Some authors make a huge splash with a
first novel, leaving fans and critics alike ever-expectant about and always
mildly disappointed by every subsequent offering.  Other authors, however, need some time to
find their footing, revealing glimmers of their talents and thematics in
earlier work, finding their mature voice along the way.  Vincent Meis belongs to this latter
category.  His first two novels show an
incredibly deft hand and engaging sensibility when it comes to finding the
pathos of familial dysfunction and narrating the unfolding consequences of
unresolved relational tensions.  They
also have a similar structure and stylistic devices.  But his second novel has abandoned some of
the distracting and unsuccessful features of the first, concentrating on what
Meis does best.

Both Eddie’s Desert Rose and Tio
open with a death, and unfold around the protagonists uncovering the
causes and negotiating the consequences of that death.  Both contain narratives built around the
tensions created by ethnic and national difference.  Both are comprised by multiple narrative voices.  Both include gay characters, but neither
gives this character center stage.  Both
are engaging, suspenseful, well-crafted stories. 
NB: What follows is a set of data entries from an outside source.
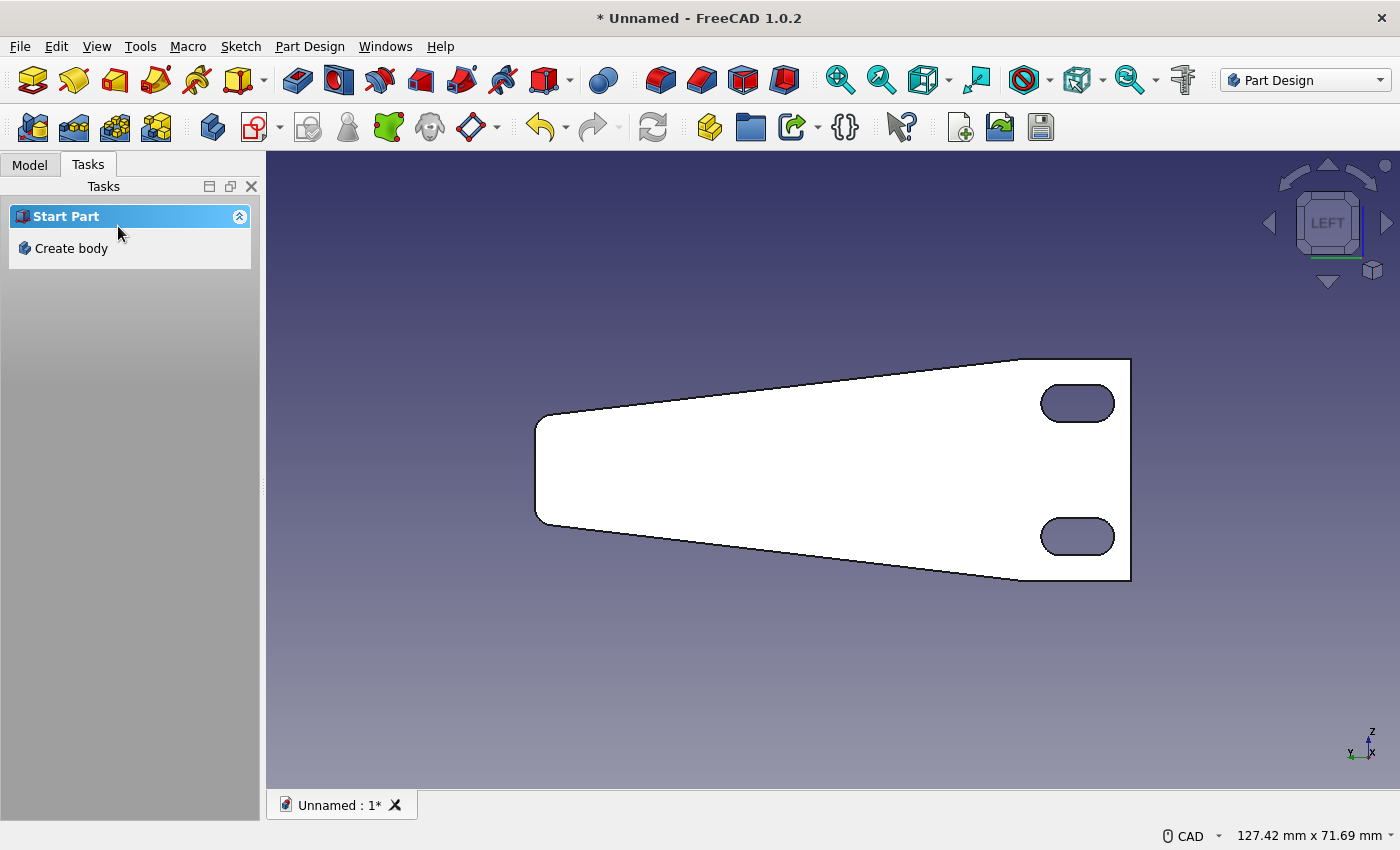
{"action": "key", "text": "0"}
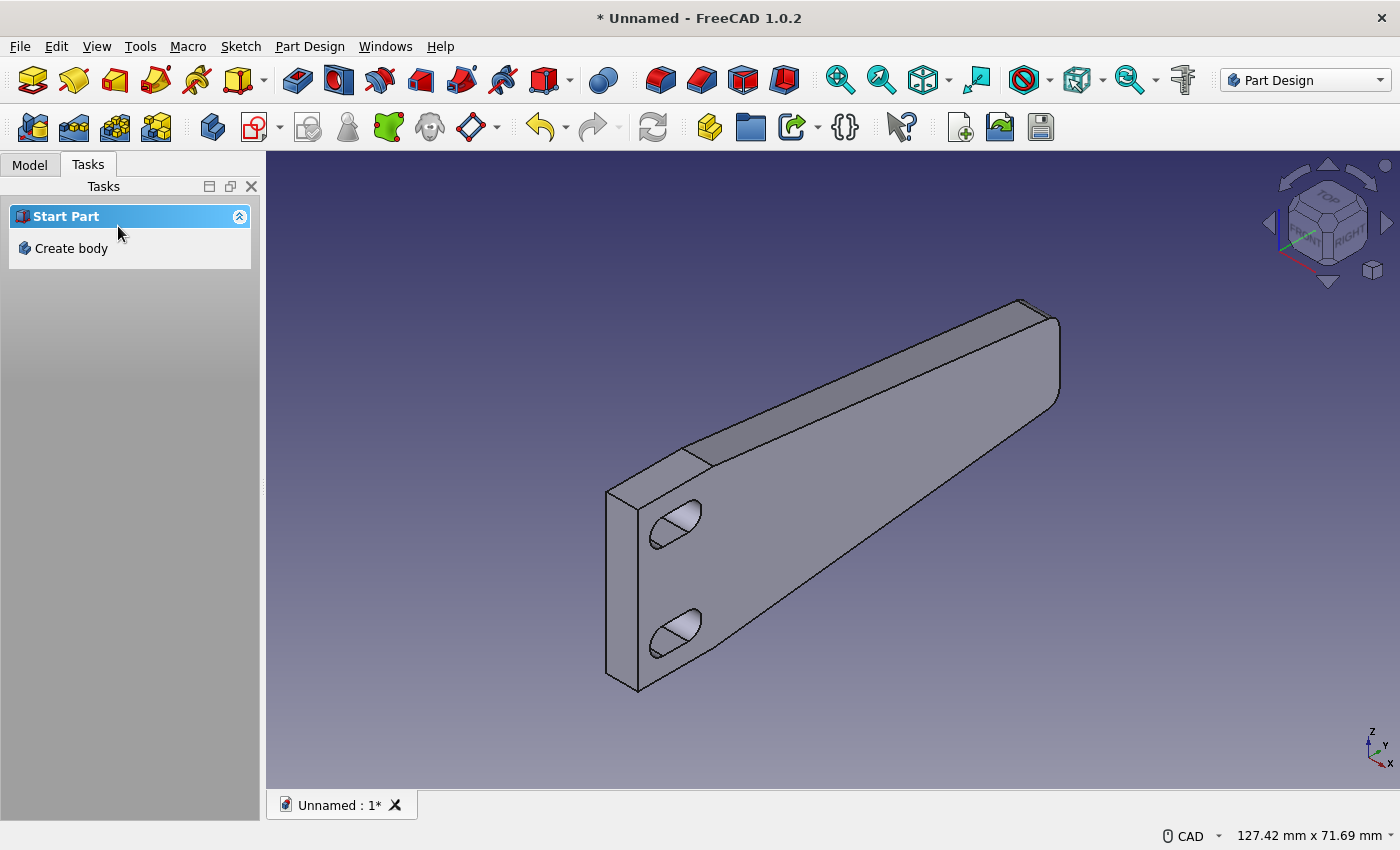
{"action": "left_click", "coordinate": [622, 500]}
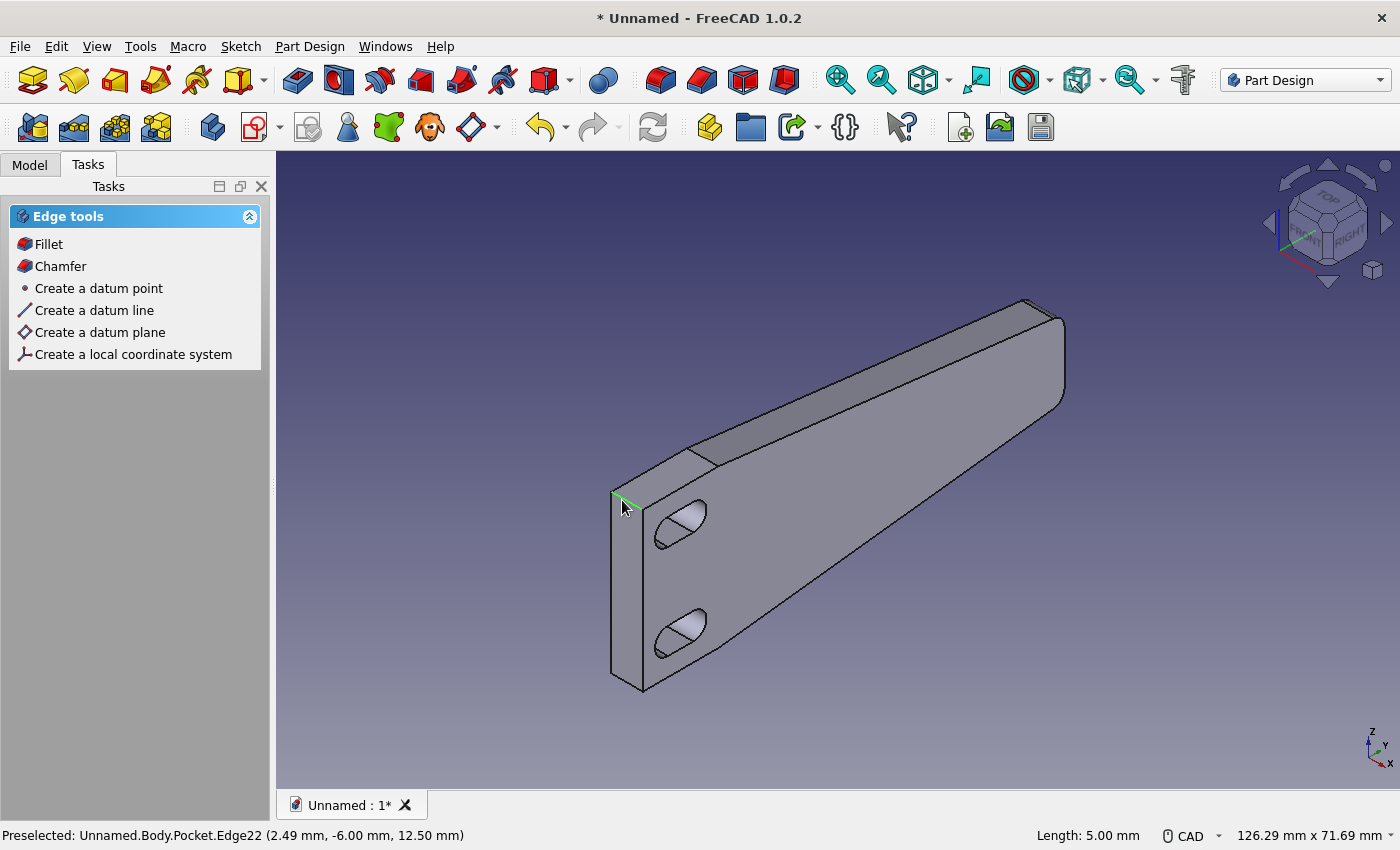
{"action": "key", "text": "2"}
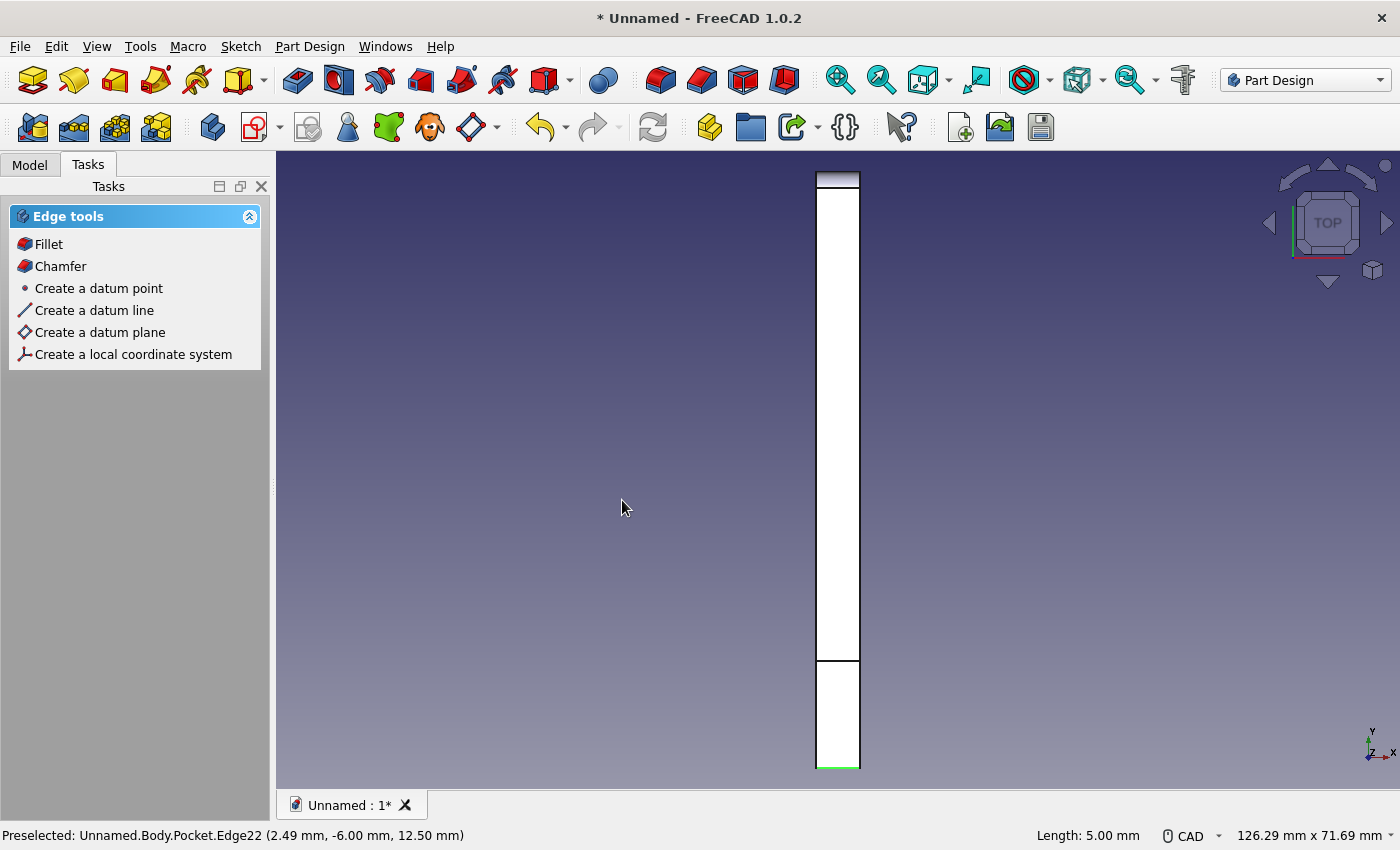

Eddie’s Desert Rose is, fundamentally, the story of two
brothers, Dave and Eddie Bates, who have taken jobs as English language
teachers in Saudi Arabia to earn enough money to live the lives they want to
live back home.  Eddie dies within the
first few pages of the novel and its remaining pages are devoted to Dave and
his wife Maura traveling through Europe and the Middle East solving what turns
out to be Eddie’s murder.  Along the way,
through Dave’s recollections and Eddie’s journals, the reader learns about the
brothers’ lives, their deep affection for each other, their unresolved
conflicts and Eddie’s erotic adventures. 
Meis is at his best when he is conveying the affective and historical dimensions
of his characters.  When he is narrating
the brothers’ past, Dave’s relation to his wife, the characters’ respective
familial dysfunctions, as well as their more contemporary struggles, the
writing rings true and has an admirable, enjoyable gravitas. 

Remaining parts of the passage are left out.